About this task:
From the first line to the last, give the records again exactly and skip the pictures.
[[ Data for this exercise open ]]
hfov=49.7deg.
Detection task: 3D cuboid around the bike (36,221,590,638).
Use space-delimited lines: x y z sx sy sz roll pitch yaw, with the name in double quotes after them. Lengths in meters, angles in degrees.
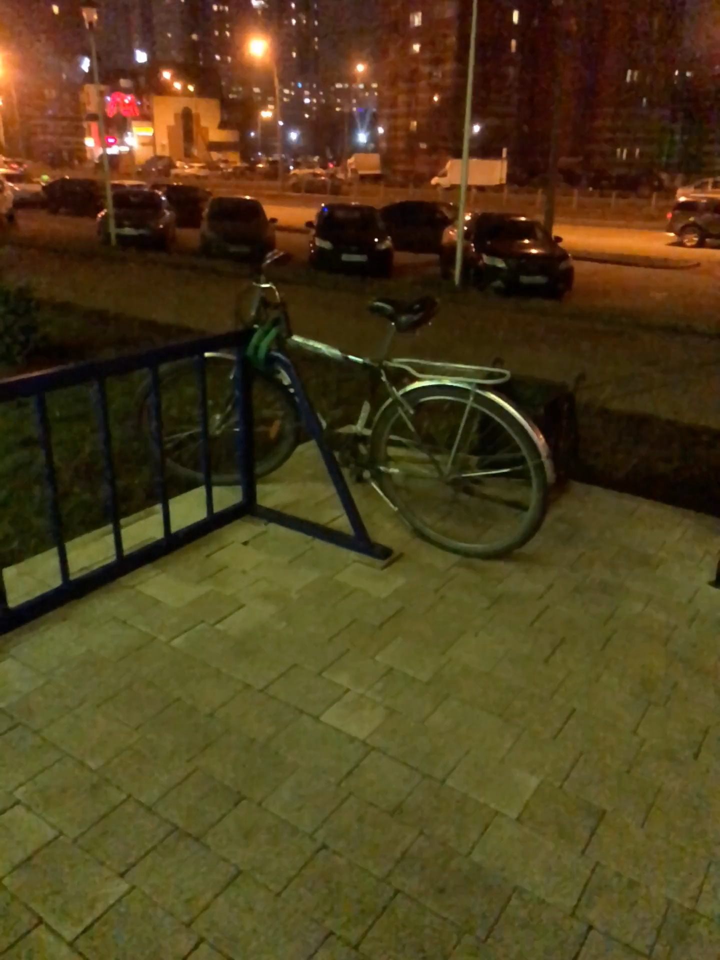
-0.180 -0.286 2.877 1.718 1.046 0.682 14 25 22 "bike"
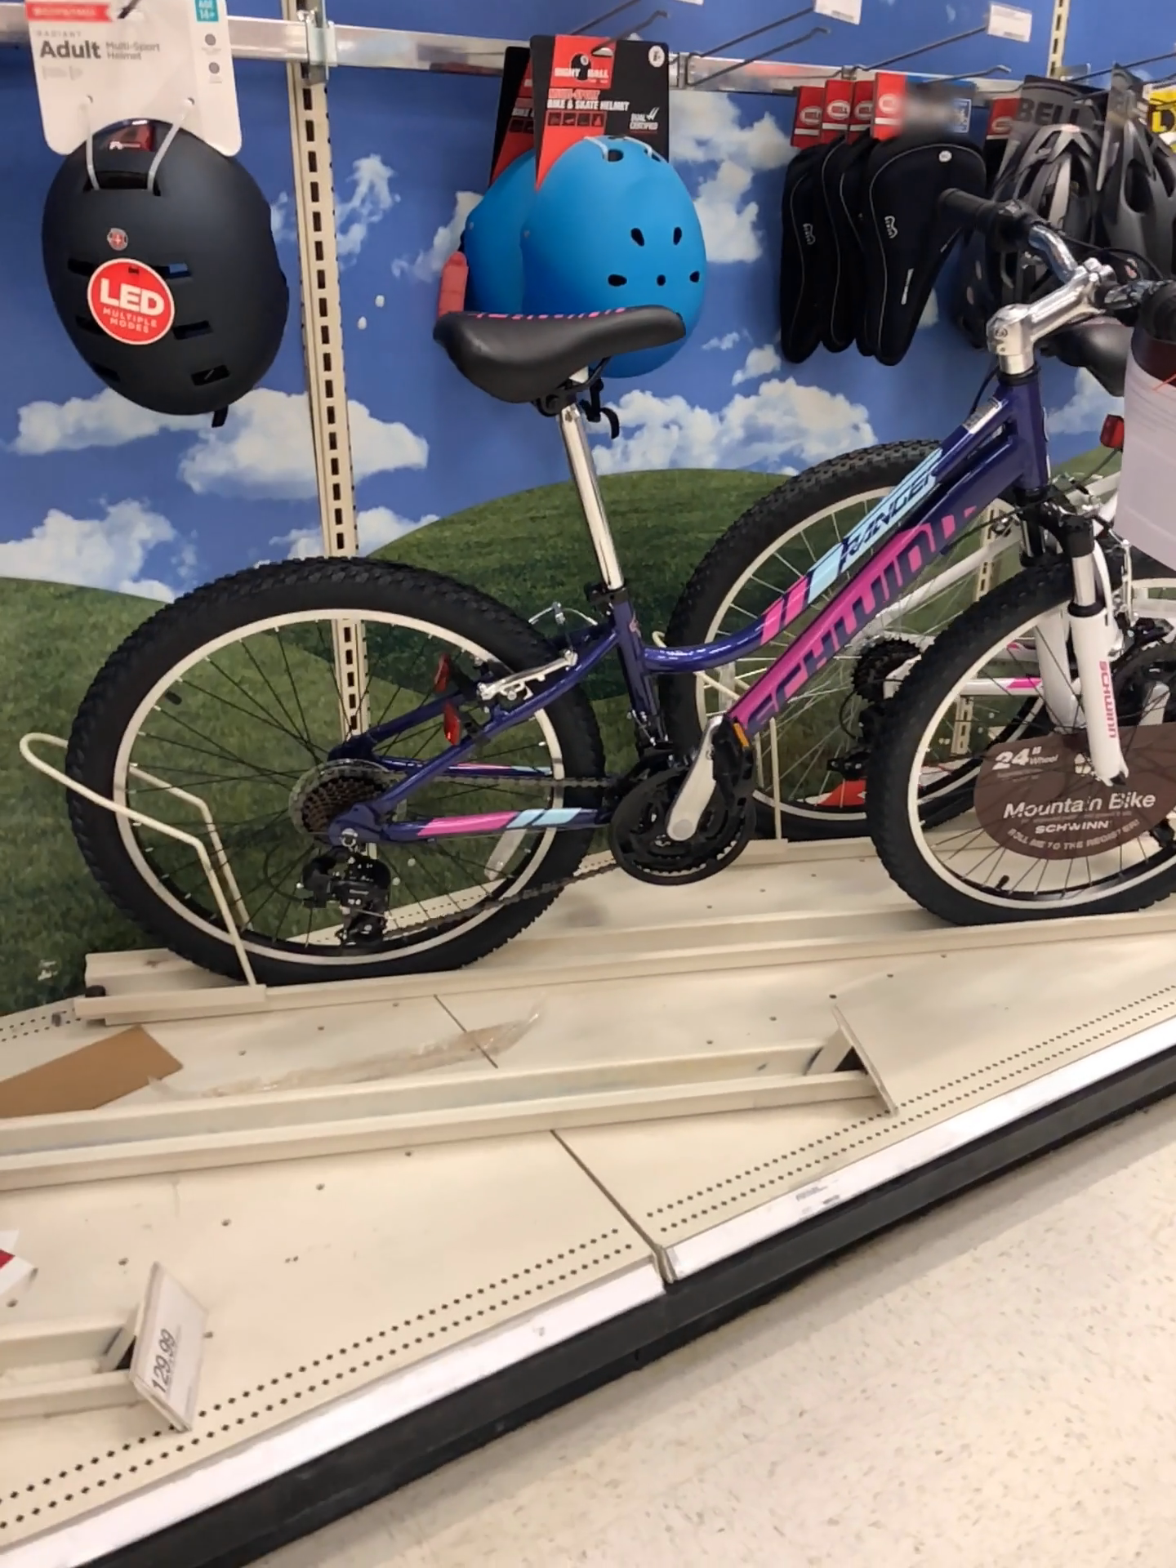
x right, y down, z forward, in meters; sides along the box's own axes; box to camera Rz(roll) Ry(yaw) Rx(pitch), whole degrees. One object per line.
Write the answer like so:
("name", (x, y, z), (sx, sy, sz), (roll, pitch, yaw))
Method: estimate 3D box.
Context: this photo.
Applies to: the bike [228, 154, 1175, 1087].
("bike", (0.327, -0.214, 1.387), (1.222, 0.799, 0.570), (-2, 23, -3))
[[ Data for this exercise closed ]]
Output of the exercise:
hfov=49.7deg.
Detection task: 3D cuboid around the bike (36,221,590,638).
Use space-delimited lines: x y z sx sy sz roll pitch yaw, with the name in double quotes after them. Lengths in meters, angles in degrees.
-0.180 -0.286 2.877 1.718 1.046 0.682 14 25 22 "bike"
x right, y down, z forward, in meters; sides along the box's own axes; box to camera Rz(roll) Ry(yaw) Rx(pitch), whole degrees. One object per line.
Write the answer like so:
("name", (x, y, z), (sx, sy, sz), (roll, pitch, yaw))
Method: estimate 3D box.
Context: this photo.
Applies to: the bike [228, 154, 1175, 1087].
("bike", (0.327, -0.214, 1.387), (1.222, 0.799, 0.570), (-2, 23, -3))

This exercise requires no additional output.